О чем молчат мертвые - стр. 6
В голове у нее эхом звучал голос отца. Столько лет спустя она все еще его помнила, и этот голос был так же отчетлив, как всегда. «Ни за что не покупай новоизобретенную электронику. Регулярно затачивай ножи. Ешь помидоры только в сезон. Заботься о своей сестре. Однажды мы с вашей матерью отойдем в мир иной, и вы останетесь друг у друга одни».
Патрульный с серьезным видом рассматривал ее, словно послушный малыш, который благоговейно смотрит на сверстника-плохиша. Его подозрительность к ней выглядела нелепой. При таком свете, в такой одежде и с мокрыми, облепленными снегом волосами она, вероятно, выглядела моложе своего настоящего возраста. Обычно люди давали ей на целых десять лет меньше, чем ей было на самом деле, даже в те редкие дни, когда она красилась и надевала платье. А в прошлом году она постриглась и стала выглядеть еще моложе. Забавно, но ее волосы упрямо не желали темнеть, хотя большинство женщин в этом возрасте обесцвечивают их, чтобы поддержать такой светлый оттенок. Казалось, что она долго красила волосы каким-нибудь «благородным каштаном», а теперь они мстили ей за это.
– Бетани, – сказала она. – Я одна из сестер Бетани.
– Из каких еще сестер? – не понял полицейский.
– Так вы не знаете? – удивилась она. – Или не помните? В таком случае вам, значит, сколько… двадцать четыре? Двадцать пять?
– Мне будет двадцать шесть на следующей неделе, – ответил мужчина.
Она с трудом сдержала улыбку. Он напомнил ей малыша, который с гордостью заявляет, что ему не два, а два с половиной. В каком возрасте мы перестаем радоваться дням рождения? Большинство лет в тридцать, подумала она, хотя с ней это случилось гораздо раньше. Уже к восемнадцати годам она отдала бы все на свете, чтобы отказаться от взросления и еще немного побыть ребенком.
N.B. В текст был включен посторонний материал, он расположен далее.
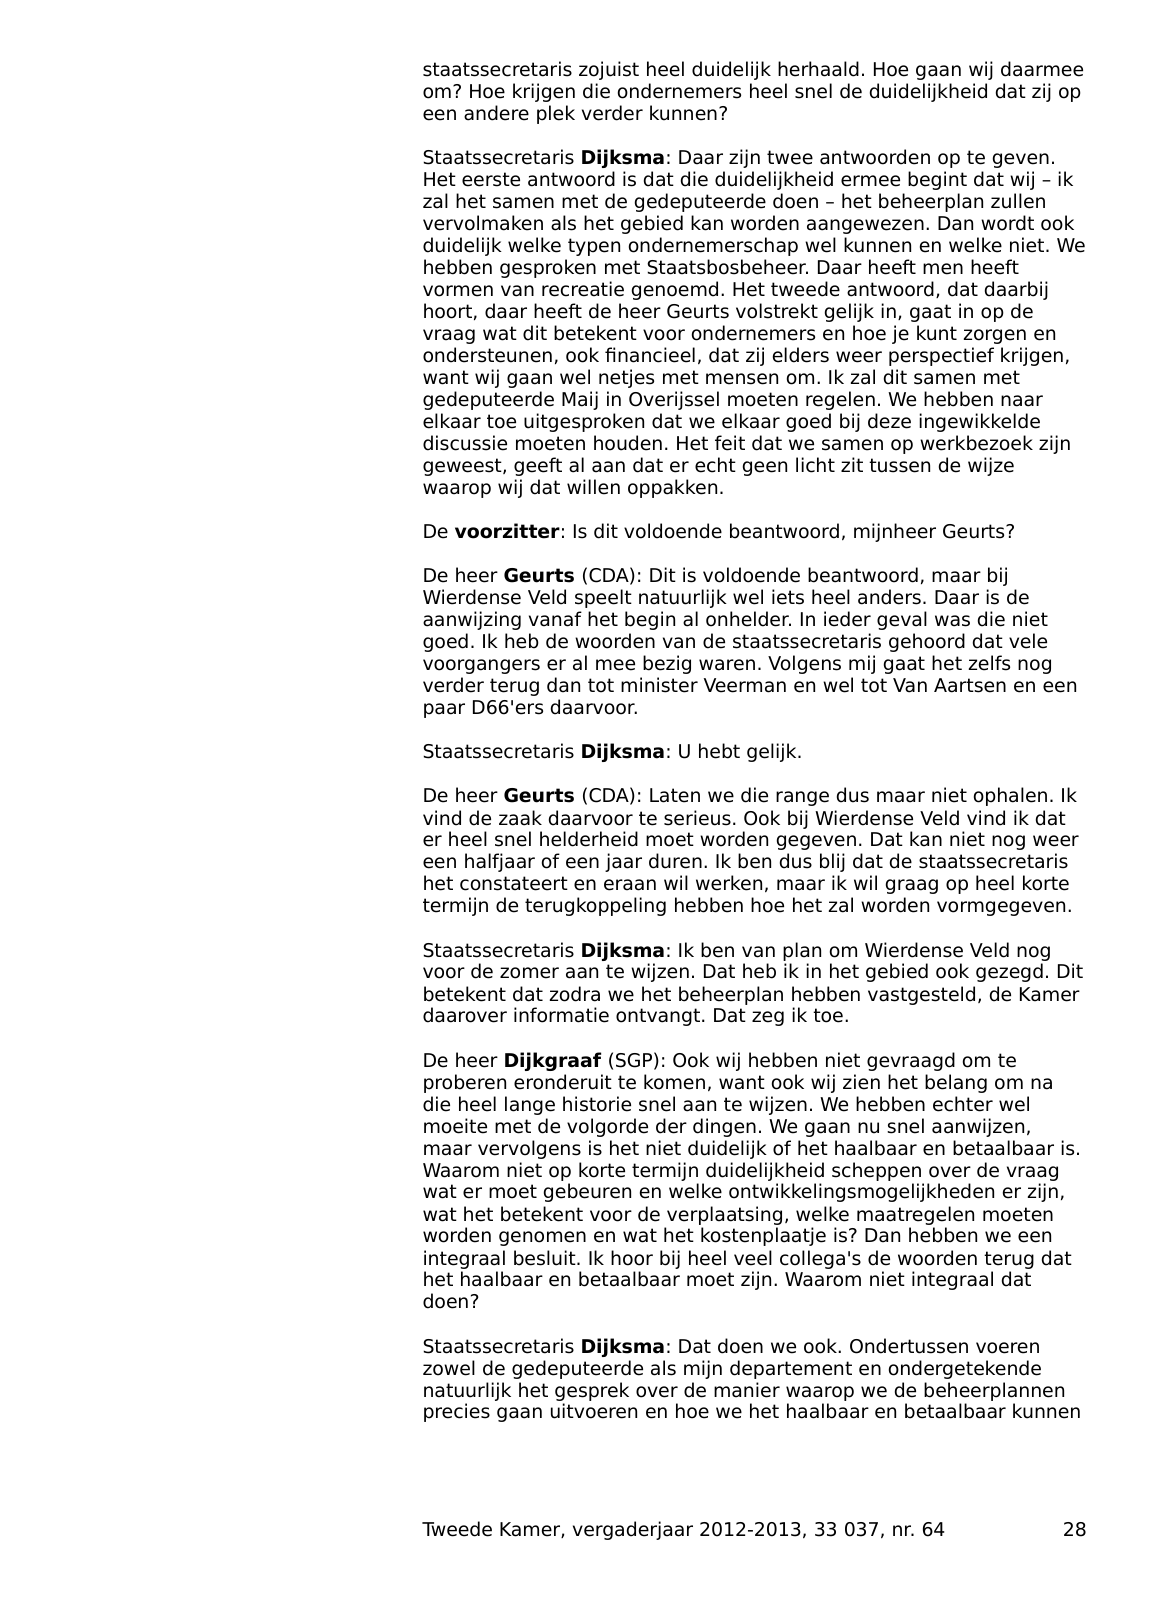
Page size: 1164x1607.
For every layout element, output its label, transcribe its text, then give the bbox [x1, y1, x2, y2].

text Staatssecretaris Dijksma: Ik ben van plan om Wierdense Veld nog voor de zomer aan te wijzen. Dat heb ik in het gebied ook gezegd. Dit betekent dat zodra we het beheerplan hebben vastgesteld, de Kamer daarover informatie ontvangt. Dat zeg ik toe. [422, 939, 1087, 1027]
text Staatssecretaris Dijksma: Dat doen we ook. Ondertussen voeren zowel de gedeputeerde als mijn departement en ondergetekende natuurlijk het gesprek over de manier waarop we de beheerplannen precies gaan uitvoeren en hoe we het haalbaar en betaalbaar kunnen [422, 1336, 1087, 1423]
text Staatssecretaris Dijksma: U hebt gelijk. [422, 741, 1087, 763]
text De voorzitter: Is dit voldoende beantwoord, mijnheer Geurts? [422, 521, 1087, 543]
text De heer Dijkgraaf (SGP): Ook wij hebben niet gevraagd om te proberen eronderuit te komen, want ook wij zien het belang om na die heel lange historie snel aan te wijzen. We hebben echter wel moeite met de volgorde der dingen. We gaan nu snel aanwijzen, maar vervolgens is het niet duidelijk of het haalbaar en betaalbaar is. Waarom niet op korte termijn duidelijkheid scheppen over de vraag wat er moet gebeuren en welke ontwikkelingsmogelijkheden er zijn, wat het betekent voor de verplaatsing, welke maatregelen moeten worden genomen en wat het kostenplaatje is? Dan hebben we een integraal besluit. Ik hoor bij heel veel collega's de woorden terug dat het haalbaar en betaalbaar moet zijn. Waarom niet integraal dat doen? [422, 1049, 1087, 1313]
text staatssecretaris zojuist heel duidelijk herhaald. Hoe gaan wij daarmee om? Hoe krijgen die ondernemers heel snel de duidelijkheid dat zij op een andere plek verder kunnen? [422, 59, 1087, 125]
text De heer Geurts (CDA): Dit is voldoende beantwoord, maar bij Wierdense Veld speelt natuurlijk wel iets heel anders. Daar is de aanwijzing vanaf het begin al onhelder. In ieder geval was die niet goed. Ik heb de woorden van de staatssecretaris gehoord dat vele voorgangers er al mee bezig waren. Volgens mij gaat het zelfs nog verder terug dan tot minister Veerman en wel tot Van Aartsen en een paar D66'ers daarvoor. [422, 565, 1087, 719]
text De heer Geurts (CDA): Laten we die range dus maar niet ophalen. Ik vind de zaak daarvoor te serieus. Ook bij Wierdense Veld vind ik dat er heel snel helderheid moet worden gegeven. Dat kan niet nog weer een halfjaar of een jaar duren. Ik ben dus blij dat de staatssecretaris het constateert en eraan wil werken, maar ik wil graag op heel korte termijn de terugkoppeling hebben hoe het zal worden vormgegeven. [422, 785, 1087, 917]
text Staatssecretaris Dijksma: Daar zijn twee antwoorden op te geven. Het eerste antwoord is dat die duidelijkheid ermee begint dat wij – ik zal het samen met de gedeputeerde doen – het beheerplan zullen vervolmaken als het gebied kan worden aangewezen. Dan wordt ook duidelijk welke typen ondernemerschap wel kunnen en welke niet. We hebben gesproken met Staatsbosbeheer. Daar heeft men heeft vormen van recreatie genoemd. Het tweede antwoord, dat daarbij hoort, daar heeft de heer Geurts volstrekt gelijk in, gaat in op de vraag wat dit betekent voor ondernemers en hoe je kunt zorgen en ondersteunen, ook financieel, dat zij elders weer perspectief krijgen, want wij gaan wel netjes met mensen om. Ik zal dit samen met gedeputeerde Maij in Overijssel moeten regelen. We hebben naar elkaar toe uitgesproken dat we elkaar goed bij deze ingewikkelde discussie moeten houden. Het feit dat we samen op werkbezoek zijn geweest, geeft al aan dat er echt geen licht zit tussen de wijze waarop wij dat willen oppakken. [422, 147, 1087, 499]

– То есть вас еще и в помине не было, когда… – протянула она. – Да, и вы, скорее всего, неместный, так что в любом случае это имя вам ни о чем не говорит.
– Машина зарегистрирована на имя Пенелопы Джексон из Эшвилла, Северная Каролина. Это вы? Я пробил по базе – авто вроде как в угоне не числится.
Она покачала головой. Нет смысла рассказывать этому человеку свою историю. Лучше она прибережет ее для того, кто сможет ее оценить, кто сможет понять то, что она хочет сказать. И опять она все тщательно просчитывала в уме – это уже стало для нее привычным. На кого можно положиться, кто будет о ней заботиться? А на кого нельзя, кто может ее предать?
В больнице Святой Агнес она продолжала лишь выборочно отвечать на прямые вопросы, типа где что болит. Повреждения она получила относительно несерьезные: царапина на лбу, на которую пришлось наложить четыре малюсеньких шва и после которой, как ее заверили, даже не останется шрама, и то ли растяжение, то ли перелом левого предплечья. Ей сказали, что руку подлатают и наложат повязку, но потом обязательно потребуется хирургическое вмешательство. Патрульный, должно быть, всем растрепал про фамилию Бетани, потому что дежурный дотошно расспрашивал ее по этому поводу, но она упорно отмалчивалась, сколько ее ни пытались разговорить. При обычных обстоятельствах ей бы просто оказали помощь, а затем сразу же выписали. Но в этот раз случай выдался довольно-таки необычный. Снаружи ее палаты дежурил патрульный. Ей сказали, что она не имеет права покидать стены здания, несмотря даже на то, что доктора были готовы ее выписать.